State how many lines of the data contain the word "made", and write nothing besides the number.

Provided data section start

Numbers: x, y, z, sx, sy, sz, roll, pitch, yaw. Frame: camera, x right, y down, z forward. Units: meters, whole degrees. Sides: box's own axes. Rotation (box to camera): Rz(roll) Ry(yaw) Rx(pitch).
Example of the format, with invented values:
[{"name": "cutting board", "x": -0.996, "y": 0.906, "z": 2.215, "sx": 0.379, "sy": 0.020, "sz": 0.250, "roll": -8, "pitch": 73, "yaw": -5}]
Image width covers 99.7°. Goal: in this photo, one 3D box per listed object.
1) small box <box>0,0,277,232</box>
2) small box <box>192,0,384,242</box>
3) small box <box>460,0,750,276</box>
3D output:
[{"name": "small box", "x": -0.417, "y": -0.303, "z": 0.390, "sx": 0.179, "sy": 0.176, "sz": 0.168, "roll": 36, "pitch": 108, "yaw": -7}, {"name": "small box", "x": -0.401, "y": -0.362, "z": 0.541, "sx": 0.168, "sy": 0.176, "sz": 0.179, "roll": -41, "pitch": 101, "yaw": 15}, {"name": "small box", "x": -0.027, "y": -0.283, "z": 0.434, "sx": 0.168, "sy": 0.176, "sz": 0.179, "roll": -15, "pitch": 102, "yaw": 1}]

Provided data section end
Provided data section start

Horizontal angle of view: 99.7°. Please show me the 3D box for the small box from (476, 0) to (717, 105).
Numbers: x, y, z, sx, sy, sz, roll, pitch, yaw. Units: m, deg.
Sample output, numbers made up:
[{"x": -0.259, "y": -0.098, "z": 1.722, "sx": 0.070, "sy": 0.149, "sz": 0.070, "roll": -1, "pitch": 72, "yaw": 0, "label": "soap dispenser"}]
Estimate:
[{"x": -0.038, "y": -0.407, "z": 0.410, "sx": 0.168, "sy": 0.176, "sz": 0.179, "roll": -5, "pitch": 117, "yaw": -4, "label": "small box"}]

Provided data section end
Provided data section start

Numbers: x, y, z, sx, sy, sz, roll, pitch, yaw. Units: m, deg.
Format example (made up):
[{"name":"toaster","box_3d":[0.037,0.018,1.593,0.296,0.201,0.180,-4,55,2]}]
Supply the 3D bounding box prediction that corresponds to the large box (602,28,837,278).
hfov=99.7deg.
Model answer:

Provided data section end

# Answer section
2